### Work request
Write out exactly the first lines of the listing, ending on the line that contains "geography: brussels".

### Data extracts
———

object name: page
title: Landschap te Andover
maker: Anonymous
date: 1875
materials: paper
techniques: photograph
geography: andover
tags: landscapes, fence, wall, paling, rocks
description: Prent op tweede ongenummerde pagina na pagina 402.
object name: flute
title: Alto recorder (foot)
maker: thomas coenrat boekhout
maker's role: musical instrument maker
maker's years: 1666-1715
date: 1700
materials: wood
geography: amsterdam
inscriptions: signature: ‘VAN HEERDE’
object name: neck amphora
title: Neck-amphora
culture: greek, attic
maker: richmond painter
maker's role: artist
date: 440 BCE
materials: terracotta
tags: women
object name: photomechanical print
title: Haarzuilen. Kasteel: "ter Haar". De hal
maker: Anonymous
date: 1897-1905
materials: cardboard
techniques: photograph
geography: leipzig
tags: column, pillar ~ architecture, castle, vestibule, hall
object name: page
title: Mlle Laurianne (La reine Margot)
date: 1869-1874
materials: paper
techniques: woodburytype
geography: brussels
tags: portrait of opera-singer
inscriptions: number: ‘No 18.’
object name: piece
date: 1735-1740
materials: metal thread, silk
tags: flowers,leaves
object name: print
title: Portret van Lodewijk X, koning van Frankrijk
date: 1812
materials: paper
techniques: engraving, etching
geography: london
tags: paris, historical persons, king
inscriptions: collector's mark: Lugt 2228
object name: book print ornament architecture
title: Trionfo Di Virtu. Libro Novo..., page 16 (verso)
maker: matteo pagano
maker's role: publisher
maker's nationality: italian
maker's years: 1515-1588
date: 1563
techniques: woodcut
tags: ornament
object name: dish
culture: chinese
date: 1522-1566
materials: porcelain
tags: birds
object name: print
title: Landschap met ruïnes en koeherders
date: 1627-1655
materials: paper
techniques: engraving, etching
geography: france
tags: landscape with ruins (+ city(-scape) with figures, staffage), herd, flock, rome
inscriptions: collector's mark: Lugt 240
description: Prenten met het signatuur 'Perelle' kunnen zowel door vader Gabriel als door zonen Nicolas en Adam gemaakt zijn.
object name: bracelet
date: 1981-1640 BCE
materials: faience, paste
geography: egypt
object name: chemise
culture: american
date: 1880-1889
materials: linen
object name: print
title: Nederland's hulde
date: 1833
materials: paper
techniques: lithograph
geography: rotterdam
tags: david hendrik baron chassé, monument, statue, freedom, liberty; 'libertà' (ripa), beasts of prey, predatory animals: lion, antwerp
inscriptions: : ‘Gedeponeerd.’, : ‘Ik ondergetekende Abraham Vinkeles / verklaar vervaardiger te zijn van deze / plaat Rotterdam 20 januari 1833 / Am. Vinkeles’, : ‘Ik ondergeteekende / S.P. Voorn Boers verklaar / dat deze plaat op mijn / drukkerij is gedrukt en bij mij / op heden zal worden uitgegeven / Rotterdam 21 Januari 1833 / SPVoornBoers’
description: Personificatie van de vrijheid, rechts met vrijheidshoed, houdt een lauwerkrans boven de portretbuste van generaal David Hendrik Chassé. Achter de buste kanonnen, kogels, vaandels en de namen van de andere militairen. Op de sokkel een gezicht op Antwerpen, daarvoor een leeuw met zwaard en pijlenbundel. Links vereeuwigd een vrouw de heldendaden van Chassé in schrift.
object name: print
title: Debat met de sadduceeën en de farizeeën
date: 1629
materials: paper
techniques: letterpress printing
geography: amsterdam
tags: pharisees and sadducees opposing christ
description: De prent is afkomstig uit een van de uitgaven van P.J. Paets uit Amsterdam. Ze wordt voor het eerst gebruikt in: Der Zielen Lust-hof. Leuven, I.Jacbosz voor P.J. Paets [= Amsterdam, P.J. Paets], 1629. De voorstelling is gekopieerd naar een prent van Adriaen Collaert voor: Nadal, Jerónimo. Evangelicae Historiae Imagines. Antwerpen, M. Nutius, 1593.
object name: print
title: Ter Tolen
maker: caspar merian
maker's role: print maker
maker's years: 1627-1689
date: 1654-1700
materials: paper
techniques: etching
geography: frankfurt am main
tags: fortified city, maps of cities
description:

———

### Response for this exercise
object name: page
title: Landschap te Andover
maker: Anonymous
date: 1875
materials: paper
techniques: photograph
geography: andover
tags: landscapes, fence, wall, paling, rocks
description: Prent op tweede ongenummerde pagina na pagina 402.
object name: flute
title: Alto recorder (foot)
maker: thomas coenrat boekhout
maker's role: musical instrument maker
maker's years: 1666-1715
date: 1700
materials: wood
geography: amsterdam
inscriptions: signature: ‘VAN HEERDE’
object name: neck amphora
title: Neck-amphora
culture: greek, attic
maker: richmond painter
maker's role: artist
date: 440 BCE
materials: terracotta
tags: women
object name: photomechanical print
title: Haarzuilen. Kasteel: "ter Haar". De hal
maker: Anonymous
date: 1897-1905
materials: cardboard
techniques: photograph
geography: leipzig
tags: column, pillar ~ architecture, castle, vestibule, hall
object name: page
title: Mlle Laurianne (La reine Margot)
date: 1869-1874
materials: paper
techniques: woodburytype
geography: brussels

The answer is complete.